Almost an apology...

Yesterday I had a wonderful meeting with Sharp Eye’s Marcio Zouvi in which we discussed surfing’s past, present and future. You’ll be able to read that whole interview shortly, but for today I’d like to touch on one of Marcio’s biggest gripes.

“The Internet has really done a disservice to the world of surfboard design,” Marcio told me.

“Nowadays, nobody really knows who’s for real and who’s not. You’ll see guys with not a lot of talent, but who have a lot of ‘techniques’ online, taking off. So they become the next ‘guru’ even though they don’t know what they’re doing. You know, the boards aren’t really impressive. ”

Marcio continued, “This is where you guys, Surfline, and Surfer really need to put out the correct information. For a long time I’ve seen a lot of information and coverage being bought. So people are getting this misinformation — stuff that’s not real. And that’s sad.”

And damn it, he’s right! Surf media is majorly responsible for the lies that consume us all. I’ve never ridden a Channel Islands, Chilli, Sharp Eye, Slater Designs, or many other of the major board brands, yet I ponder incessantly about how hard I’d be shredding on all of them. This can only be due to all the positive coverage they get, and to Marcio’s point, a vast majority of that adulation is purchased.

This is, of course, the crux of what we do. Surf media exists only with the help of advertorial funding, and most of that funding comes from surf-endemic brands. In an effort to maintain our financial bond with said brands, the media caresses them with flattery, product placement and the odd reach-around.

That’s why Surfing did a wetsuit review with zero negative feedback. That’s why Stab no longer rates their In The Dark boards numerically.

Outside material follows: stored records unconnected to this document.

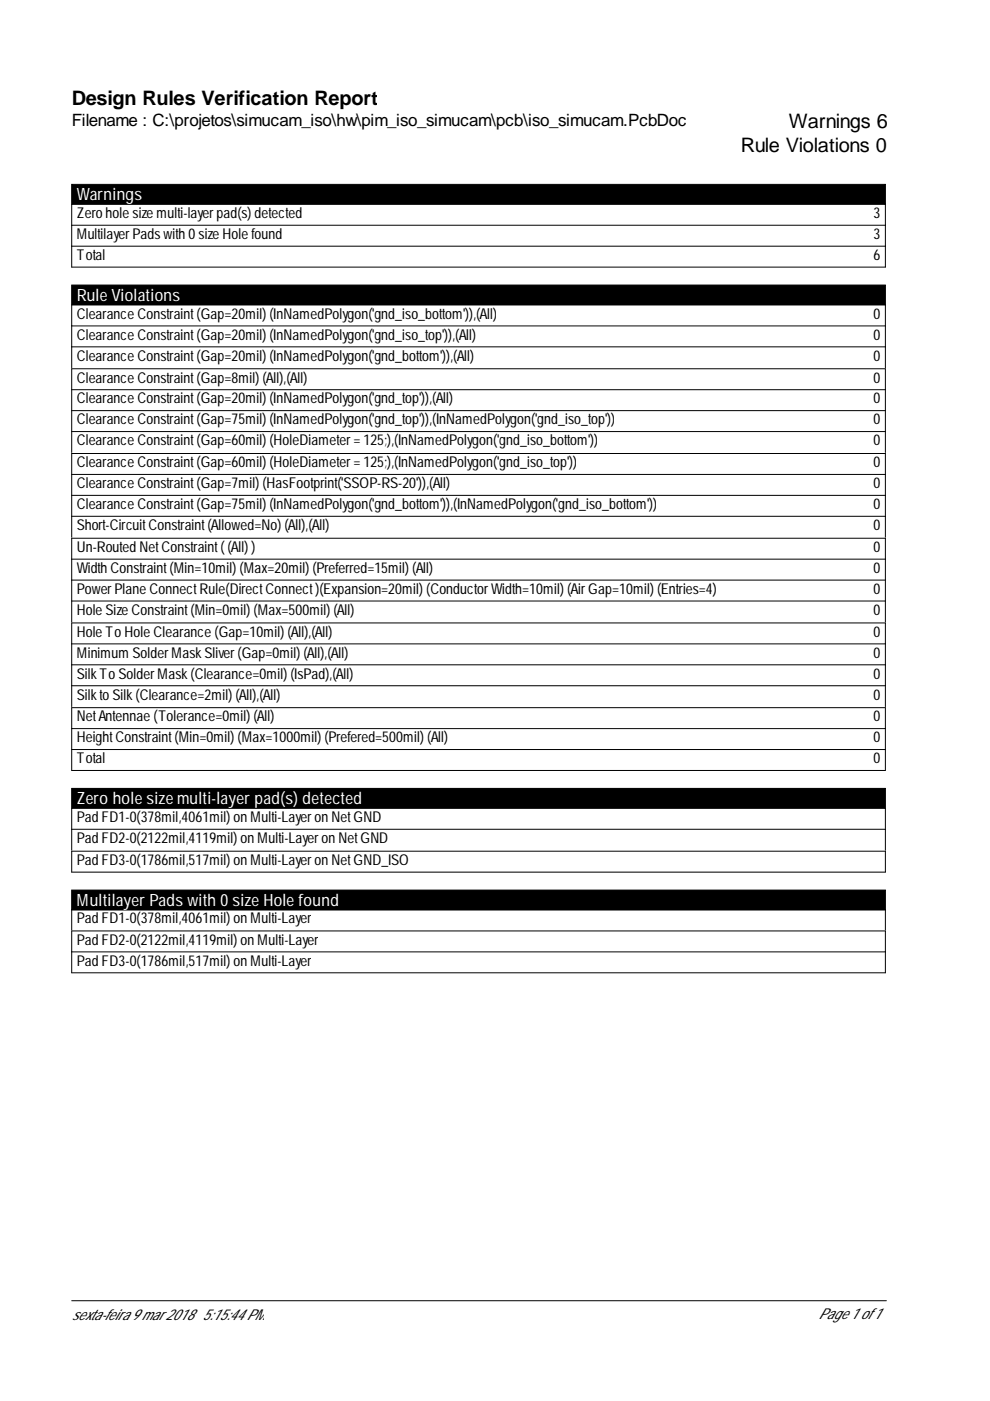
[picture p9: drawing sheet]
<svg xmlns="http://www.w3.org/2000/svg" width="210mm" height="297mm" viewBox="0 0 210 297" stroke-linecap="round" stroke-linejoin="round" font-family="sans-serif">
<defs><g id="words">
<g font-size="4.2">
<text x="15.2" y="22.2">Design Rules Verification Report</text>
<text x="167.2" y="27.1">Warnings 6</text>
<text x="157.1" y="32.1">Rule Violations 0</text>
</g>
<text font-size="3.6" x="15.2" y="26.7">Filename : C:\projetos\simucam_iso\hw\pim_iso_simucam\pcb\iso_simucam.PcbDoc</text>
<g font-size="3.6" fill="#fff">
<text x="16.3" y="42.4">Warnings</text>
<text x="16.3" y="63.8">Rule Violations</text>
<text x="16.3" y="170.5">Zero hole size multi-layer pad(s) detected</text>
<text x="16.3" y="192.1">Multilayer Pads with 0size Hole found</text>
</g>
<g font-size="3.2">
<text x="16.3" y="46.2">Zerohole size multi-layerpad(s) detected</text>
<text x="185.2" y="46.2">3</text>
<text x="16.3" y="50.7">MultilayerPadswith 0size Hole found</text>
<text x="185.2" y="50.7">3</text>
<text x="16.3" y="55.1">Total</text>
<text x="185.2" y="55.1">6</text>
<text x="16.3" y="67.6">Clearance Constraint(Gap=20mil) (InNamedPolygon('gnd_iso_bottom')),(All)</text>
<text x="185.2" y="67.6">0</text>
<text x="16.3" y="72">Clearance Constraint(Gap=20mil) (InNamedPolygon('gnd_iso_top')),(All)</text>
<text x="16.3" y="76.5">Clearance Constraint(Gap=20mil) (InNamedPolygon('gnd_bottom')),(All)</text>
<text x="185.2" y="72">0</text>
<text x="185.2" y="76.5">0</text>
<text x="16.3" y="81.1">Clearance Constraint(Gap=8mil) (All),(All)</text>
<text x="185.2" y="81.1">0</text>
<text x="16.3" y="85.5">Clearance Constraint(Gap=20mil) (InNamedPolygon('gnd_top')),(All)</text>
<text x="16.3" y="90">Clearance Constraint(Gap=75mil) (InNamedPolygon('gnd_top')),(InNamedPolygon('gnd_iso_top'))</text>
<text x="185.2" y="85.5">0</text>
<text x="185.2" y="90">0</text>
<text x="16.3" y="94.4">Clearance Constraint(Gap=60mil) (HoleDiameter=125;),(InNamedPolygon('gnd_iso_bottom'))</text>
<text x="185.2" y="94.4">0</text>
<text x="16.3" y="99.1">Clearance Constraint(Gap=60mil) (HoleDiameter=125;),(InNamedPolygon('gnd_iso_top'))</text>
<text x="185.2" y="99.1">0</text>
<text x="16.3" y="103.5">Clearance Constraint(Gap=7mil) (HasFootprint('SSOP-RS-20')),(All)</text>
<text x="16.3" y="107.9">Clearance Constraint(Gap=75mil) (InNamedPolygon('gnd_bottom')),(InNamedPolygon('gnd_iso_bottom'))</text>
<text x="185.2" y="103.5">0</text>
<text x="185.2" y="107.9">0</text>
<text x="16.3" y="112.4">Short-CircuitConstraint(Allowed=No) (All),(All)</text>
<text x="185.2" y="112.4">0</text>
<text x="16.3" y="117">Un-Routed NetConstraint((All) )</text>
<text x="185.2" y="117">0</text>
<text x="16.3" y="121.5">Width Constraint(Min=10mil) (Max=20mil) (Preferred=15mil) (All)</text>
<text x="16.3" y="125.9">PowerPlane ConnectRule(DirectConnect)(Expansion=20mil) (ConductorWidth=10mil) (AirGap=10mil) (Entries=4)</text>
<text x="185.2" y="121.5">0</text>
<text x="185.2" y="125.9">0</text>
<text x="16.3" y="130.4">Hole Size Constraint(Min=0mil) (Max=500mil) (All)</text>
<text x="185.2" y="130.4">0</text>
<text x="16.3" y="135">Hole ToHole Clearance (Gap=10mil) (All),(All)</text>
<text x="185.2" y="135">0</text>
<text x="16.3" y="139.4">Minimum SolderMaskSliver(Gap=0mil) (All),(All)</text>
<text x="16.3" y="143.9">SilkToSolderMask(Clearance=0mil) (IsPad),(All)</text>
<text x="185.2" y="139.4">0</text>
<text x="185.2" y="143.9">0</text>
<text x="16.3" y="148.3">SilktoSilk(Clearance=2mil) (All),(All)</text>
<text x="185.2" y="148.3">0</text>
<text x="16.3" y="153">NetAntennae (Tolerance=0mil) (All)</text>
<text x="185.2" y="153">0</text>
<text x="16.3" y="157.4">HeightConstraint(Min=0mil) (Max=1000mil) (Prefered=500mil) (All)</text>
<text x="16.3" y="161.8">Total</text>
<text x="185.2" y="157.4">0</text>
<text x="185.2" y="161.8">0</text>
<text x="16.3" y="174.3">Pad FD1-0(378mil,4061mil) on Multi-Layeron NetGND</text>
<text x="16.3" y="178.7">Pad FD2-0(2122mil,4119mil) on Multi-Layeron NetGND</text>
<text x="16.3" y="183.4">Pad FD3-0(1786mil,517mil) on Multi-Layeron NetGND_ISO</text>
<text x="16.3" y="195.7">Pad FD1-0(378mil,4061mil) on Multi-Layer</text>
<text x="16.3" y="200.3">Pad FD2-0(2122mil,4119mil) on Multi-Layer</text>
<text x="16.3" y="204.7">Pad FD3-0(1786mil,517mil) on Multi-Layer</text>
<text x="15.2" y="279.9">sexta-feira 9mar2018</text>
<text x="42.9" y="279.9">5:15:44PM</text>
<text x="173.6" y="279.7">Page 1 of1</text>
</g>
</g></defs>
<path d="M15.2 39.1h172.5v4.2h-172.5zM15.2 60.4h172.5v4.3h-172.5zM15.2 167.2h172.5v4.2h-172.5zM15.2 188.7h172.5v4.2h-172.5z" fill="#000" stroke="#000" stroke-width=".21"/>
<g fill="none" stroke="#000" stroke-width=".21">
<path d="M15.2 47.8h172.5M15.2 43.3v13.3h172.5v-13.3M15.2 52.2h172.5M15.2 64.7v13.3M15.2 69.1h172.5M15.2 73.5h172.5M187.7 64.7v13.3M15.2 95.9v-17.7h172.5v17.7M15.2 82.6h172.5M15.2 87.1h172.5M15.2 91.5h172.5M15.2 113.9v-17.7h172.5v17.7"/>
<path d="M15.2 100.6h172.5M15.2 105h172.5M15.2 109.5h172.5M15.2 118.6h172.5M15.2 131.9v-17.8h172.5v17.8M15.2 123h172.5M15.2 127.4h172.5M15.2 136.5h172.5M15.2 149.8v-17.7h172.5v17.7M15.2 150h172.5v13.4h-172.5zM15.2 141h172.5M15.2 145.4h172.5"/>
<path d="M15.2 154.5h172.5M15.2 158.9h172.5M15.2 171.4v8.9M15.2 175.8h172.5M187.7 171.4v8.9M15.2 180.5h172.5v4.4h-172.5zM15.2 192.7v4.5M15.2 197.4h172.5v8.9h-172.5zM187.7 192.7v4.5M15.2 201.8h172.5M15.2 275.8h172.7"/>
</g>
<use href="#words"/>
</svg>

Without ass-kissing and falsified endorsement, surf media can’t exist. With ass-kissing and falsified endorsement, surf media hurts certain businesses and consumers. It’s a double-edged sword and somebody’s gotta fall on it.

So unless you guys decide to stop clicking on BeachGrit, Surfline, Stab, and The Inertia, the media will continue to deceive until we are old and bald and still very poor.

We fall on the sword together like a shish kabob of surf misery!